People with type 2 diabetes visit the DCS centre as part of the routine diabetes care. During this annual measurement, blood samples are taken to look at diabetes-related risk factors, blood pressure is measured and participants are asked about their smoking, medication use and other diseases. Anonymised electronic records are kept of these annual measurements and the participants are informed about the use of these records for research purposes. For specific research projects, in addition to the routine measurements, people are approached individually. When participants agreed to participate, additional questionnaires are filled in by the patients, or extra blood or urine samples are taken, depending on the type of the specific study.
What are the possible benefits and risks of participating?
Participants visit a specialized diabetes care center and their care is strictly monitored. Participation does not involve any extra risk compared to usual diabetes care.
Where is the study run from?
1. Diabetes Zorgsysteem locatie Hoorn (Netherlands)
2. Diabetes Zorgsysteem locatie Enkhuizen (Netherlands)
3. Diabetes Zorgsysteem locatie Hoogwoud/Opmeer (Netherlands)

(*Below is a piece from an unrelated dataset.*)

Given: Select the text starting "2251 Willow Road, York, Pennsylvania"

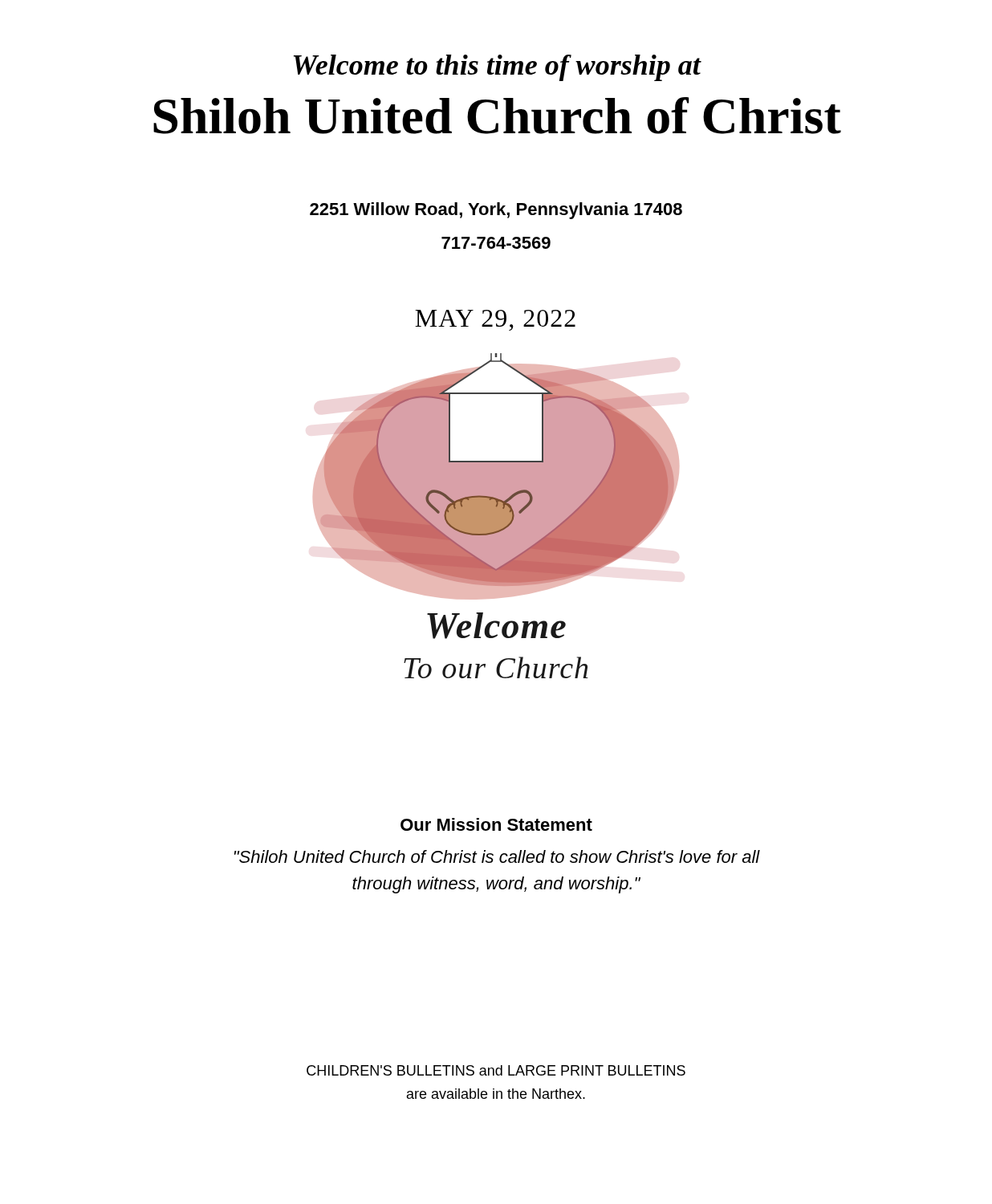Looking at the screenshot, I should (x=496, y=209).

4. Diabetes Zorgsysteem locatie Medemblik (Netherlands)
5. Diabetes Zorgsysteem locatie Slootdorp (Netherlands)
6. Diabetes Zorgsysteem locatie Wervershoof (Netherlands)
7. Diabetes Zorgsysteem locatie Venhuizen (Netherlands)
When is the study starting and how long is it expected to run for?
March 1996 to January 2030
Who is funding the study?
1. VU University Medical Center (Netherlands)
2. Dutch Federation of University Medical Centres (Netherlands)
3. Health insurers (Netherlands)
4. Netherlands Organisation for Scientific Research (Netherlands)
5. Netherlands Organisation for Health Research and Development (Netherlands)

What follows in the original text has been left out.